**To do**
Filter the records below for the word "this". Keep each line that has it.

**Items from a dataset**
+ + + + +
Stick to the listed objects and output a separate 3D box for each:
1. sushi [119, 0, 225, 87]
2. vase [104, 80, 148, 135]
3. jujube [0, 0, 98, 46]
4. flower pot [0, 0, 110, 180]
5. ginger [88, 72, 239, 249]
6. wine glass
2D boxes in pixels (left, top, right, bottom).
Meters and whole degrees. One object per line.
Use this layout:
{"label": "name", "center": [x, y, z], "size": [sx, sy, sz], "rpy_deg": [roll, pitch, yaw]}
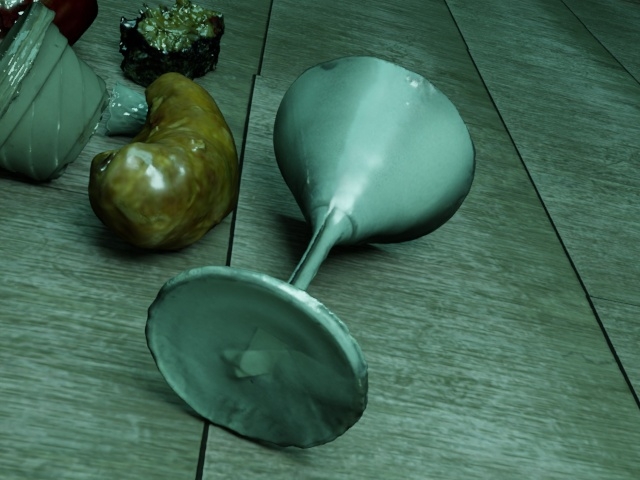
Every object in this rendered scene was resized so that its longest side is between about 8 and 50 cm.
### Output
{"label": "sushi", "center": [-0.260, -0.350, 1.254], "size": [0.147, 0.115, 0.212], "rpy_deg": [26, 36, 13]}
{"label": "vase", "center": [-0.233, -0.176, 1.056], "size": [0.148, 0.081, 0.081], "rpy_deg": [12, 34, -15]}
{"label": "jujube", "center": [-0.526, -0.384, 1.082], "size": [0.376, 0.258, 0.258], "rpy_deg": [-16, 45, -44]}
{"label": "flower pot", "center": [-0.354, -0.166, 0.891], "size": [0.140, 0.235, 0.235], "rpy_deg": [32, 27, -27]}
{"label": "ginger", "center": [-0.183, -0.088, 0.891], "size": [0.165, 0.172, 0.321], "rpy_deg": [-21, 28, 11]}
{"label": "wine glass", "center": [0.000, 0.000, 0.768], "size": [0.267, 0.267, 0.406], "rpy_deg": [22, 40, 8]}
+ + + + +
**Written answer**
Use this layout:
Every object in this rendered scene was resized so that its longest side is between about 8 and 50 cm.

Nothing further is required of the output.